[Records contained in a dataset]
☆ ☆ ☆ ☆ ☆
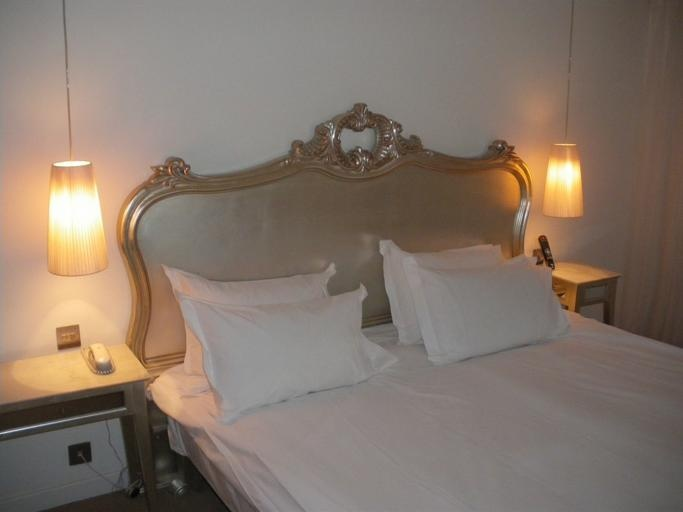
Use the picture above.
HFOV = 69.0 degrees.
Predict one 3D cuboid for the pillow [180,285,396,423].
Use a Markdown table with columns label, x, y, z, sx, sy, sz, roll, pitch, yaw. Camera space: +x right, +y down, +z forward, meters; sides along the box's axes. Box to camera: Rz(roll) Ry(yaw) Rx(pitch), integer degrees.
| label | x | y | z | sx | sy | sz | roll | pitch | yaw |
| --- | --- | --- | --- | --- | --- | --- | --- | --- | --- |
| pillow | -0.250 | 0.393 | 2.363 | 0.934 | 0.507 | 0.347 | -8 | 10 | -21 |

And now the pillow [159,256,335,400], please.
| label | x | y | z | sx | sy | sz | roll | pitch | yaw |
| --- | --- | --- | --- | --- | --- | --- | --- | --- | --- |
| pillow | -0.481 | 0.364 | 2.367 | 0.617 | 0.438 | 0.142 | -7 | -20 | -40 |

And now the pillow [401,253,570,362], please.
| label | x | y | z | sx | sy | sz | roll | pitch | yaw |
| --- | --- | --- | --- | --- | --- | --- | --- | --- | --- |
| pillow | 0.773 | 0.248 | 2.633 | 0.810 | 0.558 | 0.232 | -7 | -19 | -14 |

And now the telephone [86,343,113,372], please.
| label | x | y | z | sx | sy | sz | roll | pitch | yaw |
| --- | --- | --- | --- | --- | --- | --- | --- | --- | --- |
| telephone | -1.108 | 0.479 | 2.290 | 0.089 | 0.049 | 0.198 | -1 | 28 | -31 |

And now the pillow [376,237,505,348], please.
| label | x | y | z | sx | sy | sz | roll | pitch | yaw |
| --- | --- | --- | --- | --- | --- | --- | --- | --- | --- |
| pillow | 0.484 | 0.181 | 2.811 | 0.630 | 0.642 | 0.173 | -3 | -10 | -30 |
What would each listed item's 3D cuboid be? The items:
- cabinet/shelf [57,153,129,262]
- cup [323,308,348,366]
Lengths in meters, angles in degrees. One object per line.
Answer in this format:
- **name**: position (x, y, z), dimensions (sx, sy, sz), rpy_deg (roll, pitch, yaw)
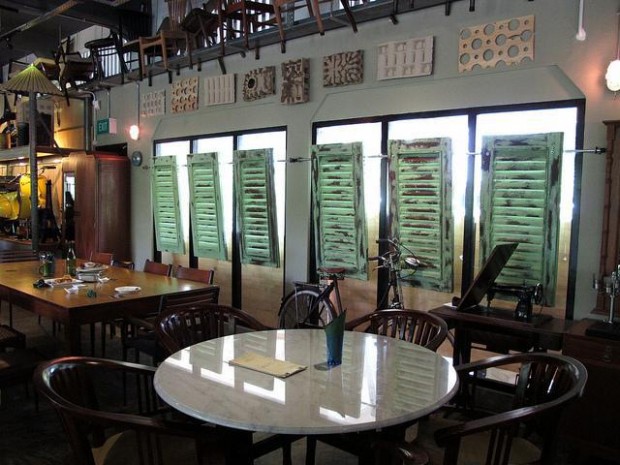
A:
- **cabinet/shelf**: position (-3.287, -0.392, 7.604), dimensions (0.919, 1.677, 0.519), rpy_deg (0, 6, 13)
- **cup**: position (0.137, 0.563, 2.695), dimensions (0.105, 0.305, 0.196), rpy_deg (-1, 6, 2)
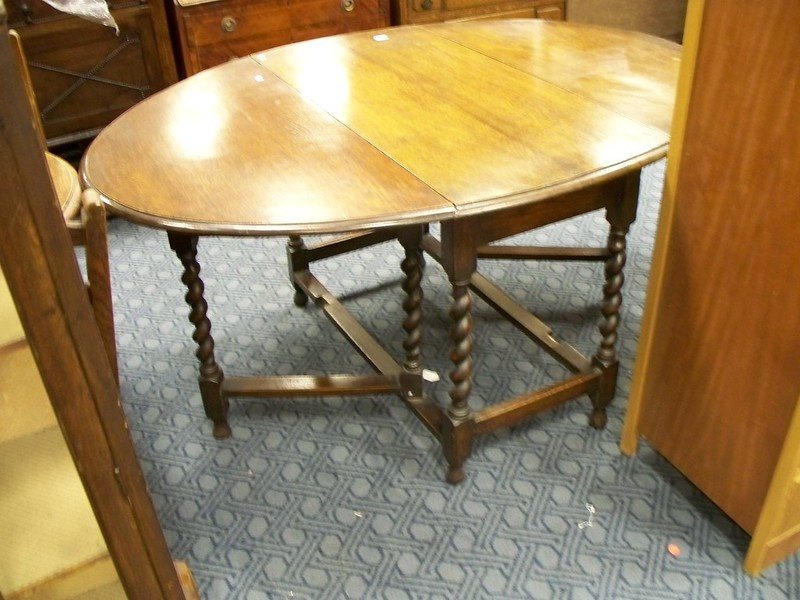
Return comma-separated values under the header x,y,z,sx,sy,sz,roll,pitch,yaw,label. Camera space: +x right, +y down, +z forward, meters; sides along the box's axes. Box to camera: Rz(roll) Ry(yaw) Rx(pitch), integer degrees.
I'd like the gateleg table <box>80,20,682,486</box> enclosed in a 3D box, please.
x,y,z,sx,sy,sz,roll,pitch,yaw,label
0.054,-0.252,2.451,1.980,1.145,1.646,-22,42,-22,gateleg table
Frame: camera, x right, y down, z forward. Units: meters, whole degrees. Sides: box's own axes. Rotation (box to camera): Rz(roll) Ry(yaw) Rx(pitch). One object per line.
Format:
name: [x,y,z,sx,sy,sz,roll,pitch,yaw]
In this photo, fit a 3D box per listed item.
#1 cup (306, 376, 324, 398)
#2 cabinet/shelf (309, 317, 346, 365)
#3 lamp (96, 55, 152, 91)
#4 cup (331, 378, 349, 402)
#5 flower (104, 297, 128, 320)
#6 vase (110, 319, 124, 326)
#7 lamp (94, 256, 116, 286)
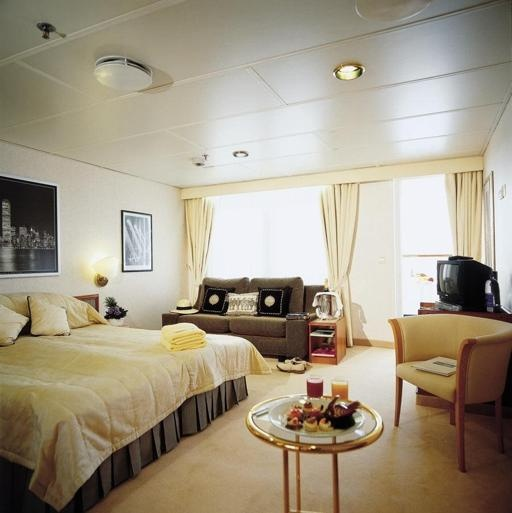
☆ ☆ ☆ ☆ ☆
**Instructions for the task**
Select the lines from the entries that include the word "item".

**Exercise answer**
What would each listed item's 3D cuboid be? The items:
In this photo, fit a 3D box per listed item.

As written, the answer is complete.